User:Olaf mentioned wikt:c:a in an oppose comment. Have we been missing this one because Wiktionary distinguishes upper/lower case for the first letter? Anyone know about any other instances of lowercase [[c:foo]] as page names? --朝彦 (Asahiko) (talk) 14:31, 19 March 2014 (UTC)[reply]

It was in my list from the start, so don't blame me. PiRSquared17 (talk) 15:00, 19 March 2014 (UTC)[reply]
It appears that there were several omissions on my part (which honestly surprises me, because I'm sure that I went through the list carefully...) - for which I can only apologize. I've now added them to the list above. It appears that TeleComNasSprVen has been zooming about attending to some of them, but there are still a few cases where notifications need to be made. — Scott talk 15:59, 19 March 2014 (UTC)[reply]

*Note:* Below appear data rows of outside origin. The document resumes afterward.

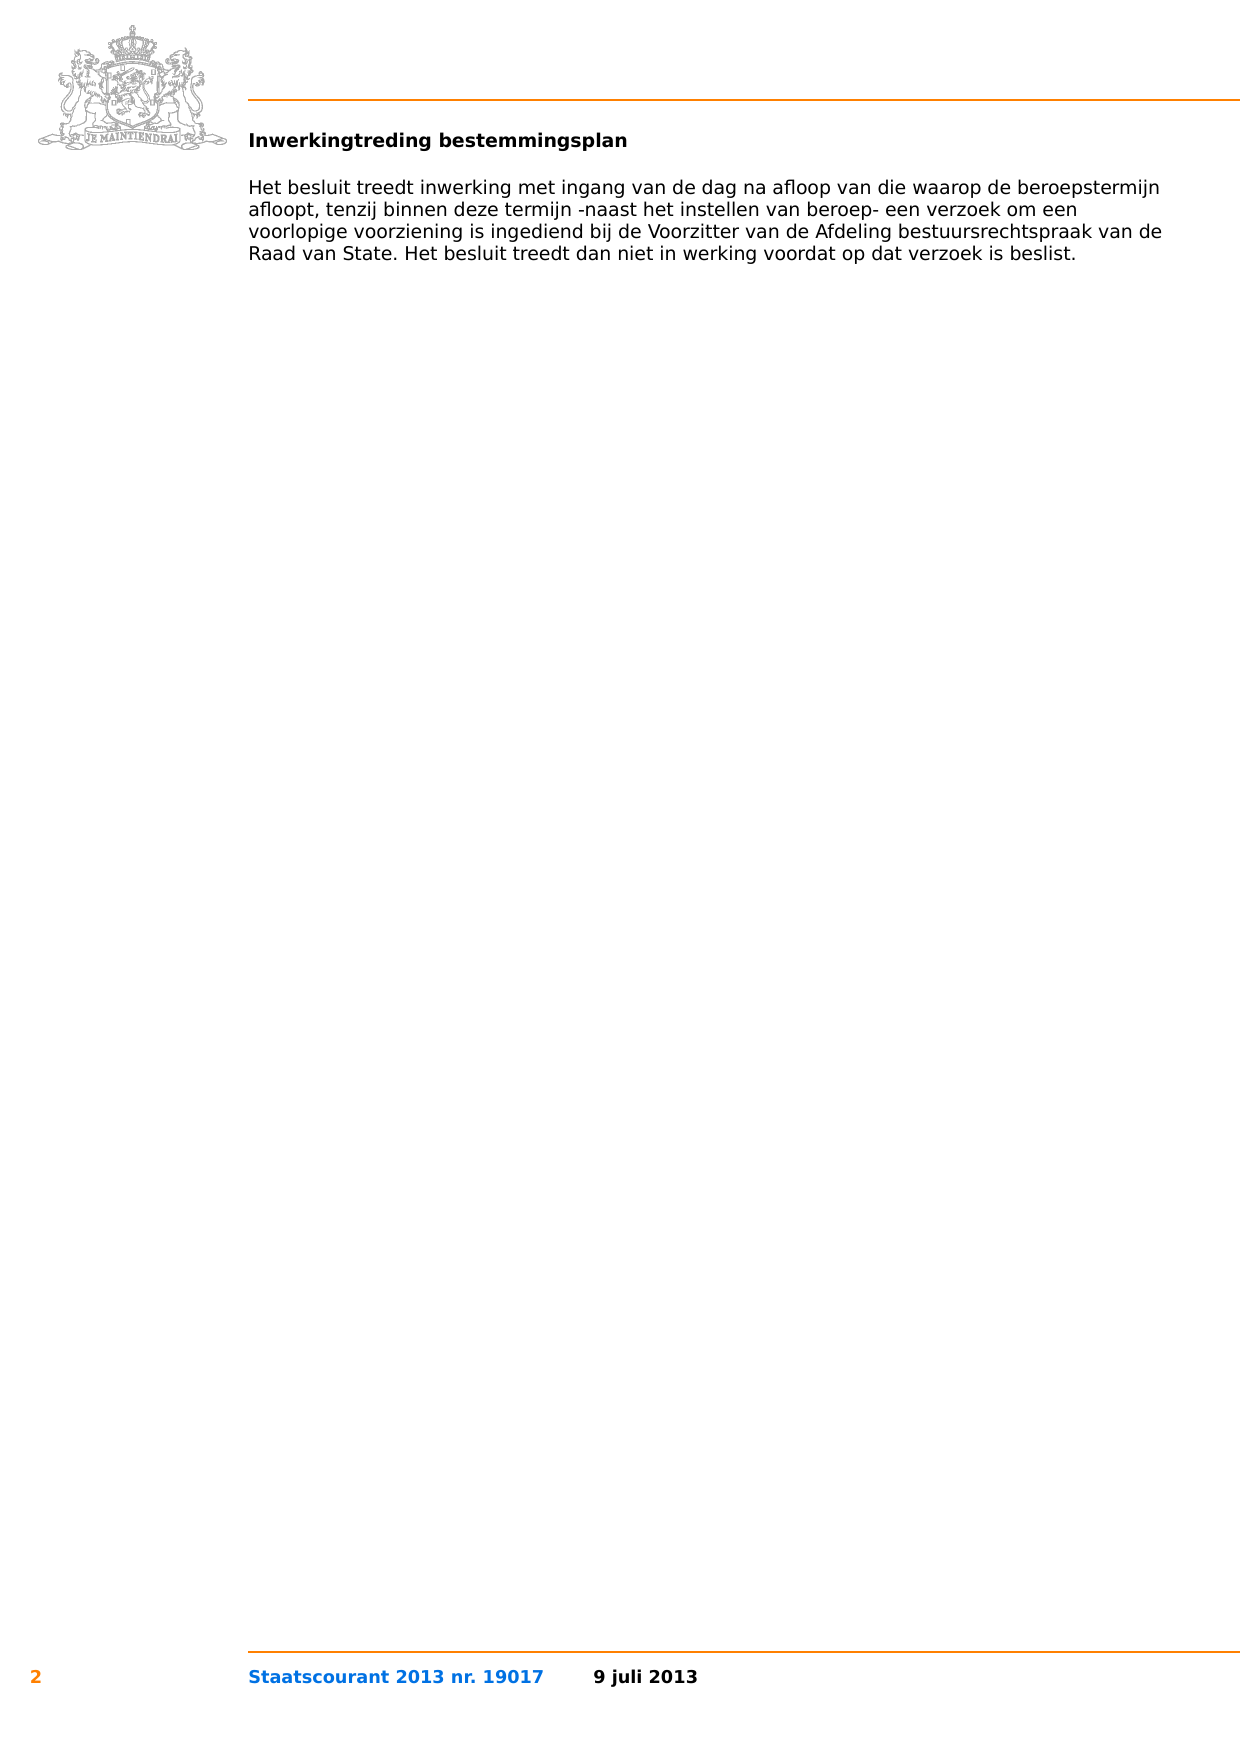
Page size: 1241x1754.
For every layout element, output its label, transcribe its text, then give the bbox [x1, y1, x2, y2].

picture [38, 25, 227, 150]
text Het besluit treedt inwerking met ingang van de dag na afloop van die waarop de beroepstermijn afloopt, tenzij binnen deze termijn -naast het instellen van beroep- een verzoek om een voorlopige voorziening is ingediend bij de Voorzitter van de Afdeling bestuursrechtspraak van de Raad van State. Het besluit treedt dan niet in werking voordat op dat verzoek is beslist. [248, 177, 1163, 265]
subtitle Inwerkingtreding bestemmingsplan [248, 130, 1163, 152]
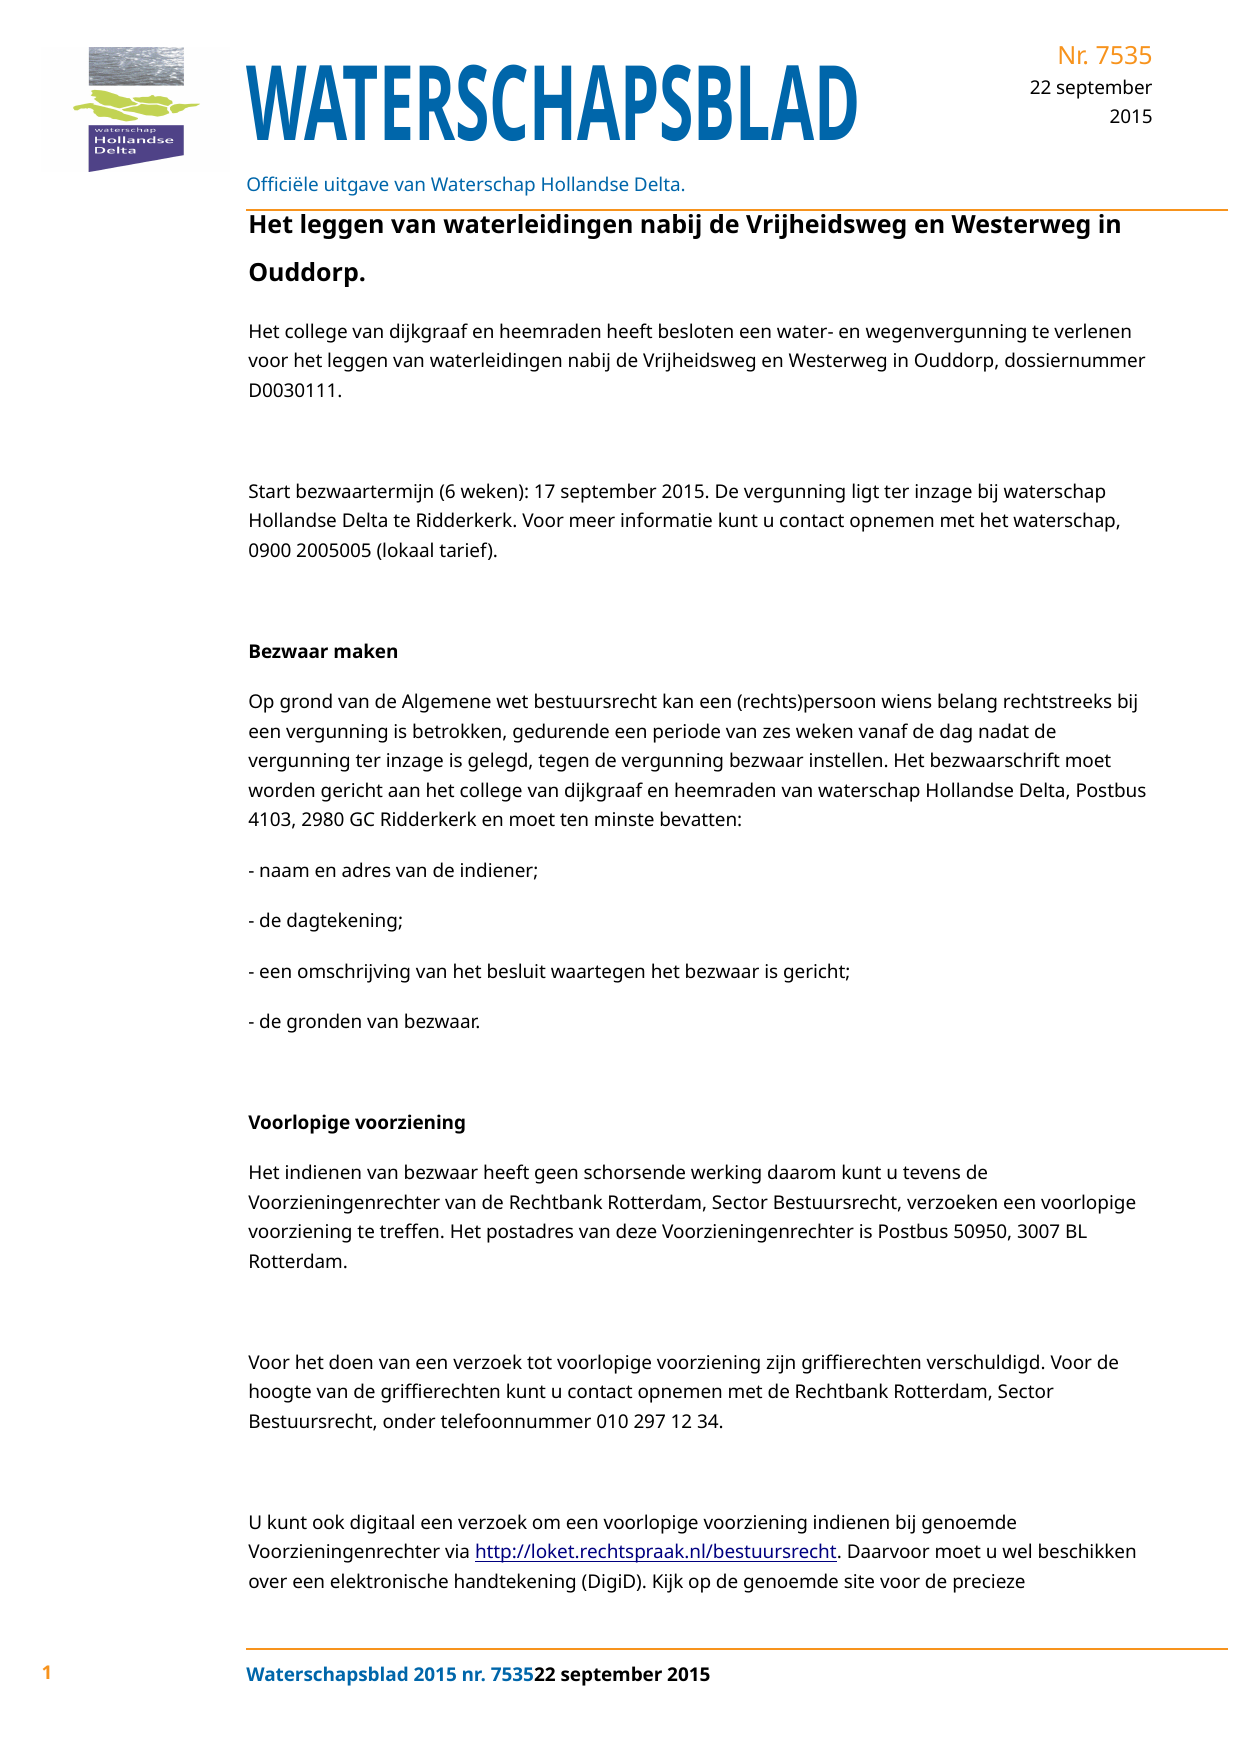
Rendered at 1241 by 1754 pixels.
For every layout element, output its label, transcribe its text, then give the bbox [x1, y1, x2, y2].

text - naam en adres van de indiener; [248, 857, 1152, 883]
text - de dagtekening; [248, 907, 1152, 933]
text Op grond van de Algemene wet bestuursrecht kan een (rechts)persoon wiens belang rechtstreeks bij een vergunning is betrokken, gedurende een periode van zes weken vanaf de dag nadat de vergunning ter inzage is gelegd, tegen de vergunning bezwaar instellen. Het bezwaarschrift moet worden gericht aan het college van dijkgraaf en heemraden van waterschap Hollandse Delta, Postbus 4103, 2980 GC Ridderkerk en moet ten minste bevatten: [248, 688, 1152, 832]
text - een omschrijving van het besluit waartegen het bezwaar is gericht; [248, 958, 1152, 984]
text Het leggen van waterleidingen nabij de Vrijheidsweg en Westerweg in Ouddorp. [248, 211, 1152, 288]
text Start bezwaartermijn (6 weken): 17 september 2015. De vergunning ligt ter inzage bij waterschap Hollandse Delta te Ridderkerk. Voor meer informatie kunt u contact opnemen met het waterschap, 0900 2005005 (lokaal tarief). [248, 478, 1152, 563]
picture [41, 47, 231, 172]
text U kunt ook digitaal een verzoek om een voorlopige voorziening indienen bij genoemde Voorzieningenrechter via http://loket.rechtspraak.nl/bestuursrecht. Daarvoor moet u wel beschikken over een elektronische handtekening (DigiD). Kijk op de genoemde site voor de precieze [248, 1509, 1152, 1594]
text - de gronden van bezwaar. [248, 1008, 1152, 1034]
text Bezwaar maken [248, 638, 1152, 664]
text Voorlopige voorziening [248, 1109, 1152, 1135]
text Voor het doen van een verzoek tot voorlopige voorziening zijn griffierechten verschuldigd. Voor de hoogte van de griffierechten kunt u contact opnemen met de Rechtbank Rotterdam, Sector Bestuursrecht, onder telefoonnummer 010 297 12 34. [248, 1349, 1152, 1434]
text Het indienen van bezwaar heeft geen schorsende werking daarom kunt u tevens de Voorzieningenrechter van de Rechtbank Rotterdam, Sector Bestuursrecht, verzoeken een voorlopige voorziening te treffen. Het postadres van deze Voorzieningenrechter is Postbus 50950, 3007 BL Rotterdam. [248, 1159, 1152, 1274]
text Het college van dijkgraaf en heemraden heeft besloten een water- en wegenvergunning te verlenen voor het leggen van waterleidingen nabij de Vrijheidsweg en Westerweg in Ouddorp, dossiernummer D0030111. [248, 318, 1152, 403]

@Scott: c:a is the only title like this, although it exists on three Wiktionaries. I have regenerated the list in (what I think is) a nicer format, toollabs:pirsquared/c_recheck.txt (blame petan for the last line). The only wikis not in the above list are commonswiki, enwiki, enwiktionary, ptwiktionary (Edit 16:47, 19 March 2014 (UTC): meant plwiktionary). No need to apologize; to err is human. PiRSquared17 (talk) 16:30, 19 March 2014 (UTC)[reply]
Thanks, that's much clearer! TCNSV has notified the Wiktionaries, and I've left a note on the Commons village pump. — Scott talk 16:42, 19 March 2014 (UTC)[reply]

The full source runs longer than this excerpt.